Worried about poverty
What is your motivation for working with biodiversity and social development?
“I would say 3 factors. One is of course my passion for biodiversity. The second is my concern about poverty. You know, poverty should not exist. It’s shameful for all of us to see poverty today,” Bawa sighs.
“We failed more than a hundred years ago. Slavery was terrible. But then the society got together, and they eliminated slavery. Why, as a society, can’t we get together and say we are going to eliminate poverty over the next 20 years?” he asks. His third motivational factor is, unsurprisingly, related to India, and that he wants to contribute for his home country.
An inspiring prize
Fighting poverty could seem like a hopeless task, but prizes like the Gunnerus Sustainability Award are also to inspire people to carry on their hard work.
As a result of collaboration between DKNVS, SpareBank1 SMN and Technoport, the Gunnerus Sustainability Award is the first major international prize for outstanding scientific work that promotes sustainable development globally. It is named after the Norwegian bishop Johan Ernst Gunnerus (1718 – 1773), Norway’s first internationally known natural scientist, who wrote the first Norwegian flora.

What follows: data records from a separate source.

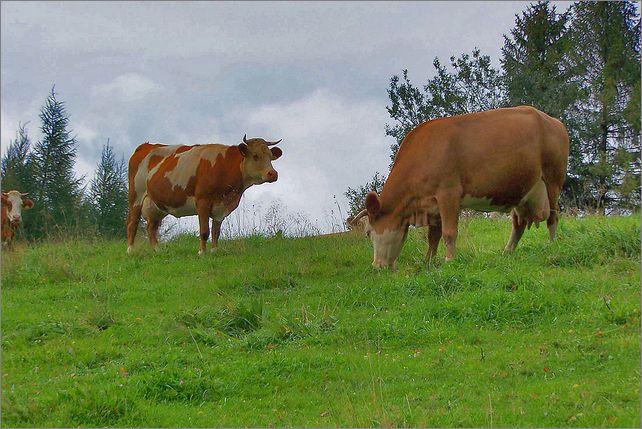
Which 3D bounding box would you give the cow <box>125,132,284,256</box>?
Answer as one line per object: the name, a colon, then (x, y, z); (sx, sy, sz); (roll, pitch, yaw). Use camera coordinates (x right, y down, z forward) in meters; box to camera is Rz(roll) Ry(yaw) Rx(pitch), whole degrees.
cow: (-3.689, -0.543, 21.404); (4.632, 3.432, 1.716); (0, -1, 22)
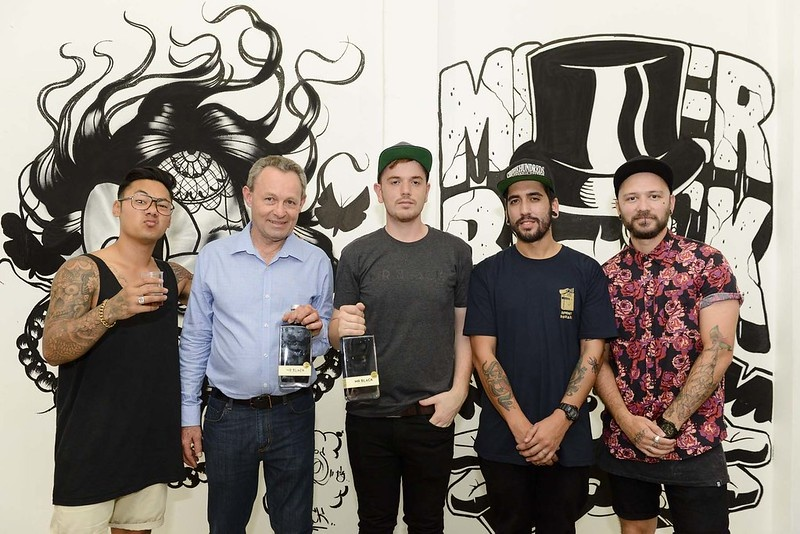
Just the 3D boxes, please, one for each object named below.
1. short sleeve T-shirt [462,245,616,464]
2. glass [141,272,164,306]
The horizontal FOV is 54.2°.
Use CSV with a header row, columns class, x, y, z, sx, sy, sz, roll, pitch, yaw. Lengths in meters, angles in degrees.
class,x,y,z,sx,sy,sz,roll,pitch,yaw
short sleeve T-shirt,0.951,0.452,5.205,0.945,1.445,0.533,3,42,17
glass,-1.522,0.120,4.802,0.147,0.244,0.140,10,10,42

Professor Kristian Fossheim, praeses of DKNVS, stresses the fatality of the fact that one third of all living species are under the threat of extinction, and praises Bawa’s early work on genetics and ecology of tropical forests.
“Studying nature is also a way of caring about nature. There is a great need for Dr Bawa’s sustainability thinking”, Fossheim expresses.
“This is a nice thing about Dr Bawa, that he stresses the need for new institutions, an idea he has implemented through ATREE,” he adds.
Kamaljit Bawa gladly expresses his gratitude for the award.
“First of all we are very inspired to carry on and move forward. And secondly I think my colleagues in ATREE, and I also have to say the University of Massachusetts, are very inspired. And I have received wonderful letters from our donors and friends. I think it reinforces their faith in what we do, and that people in other parts of the world feel that what we are doing is very important.”
Use your opportunities!
His last message for the young and active is to have patience and use all opportunities.
“I think everyone of us can do a lot. I think we just have to be patient and persistent, and that at given time the effort might seem very small; but things have a way of snowballing. I think this is an era where there are tremendous opportunities. I think there are just unprecedented opportunities to make a contribution in a very new way. My message is to make use of these opportunities, as they have not existed before.”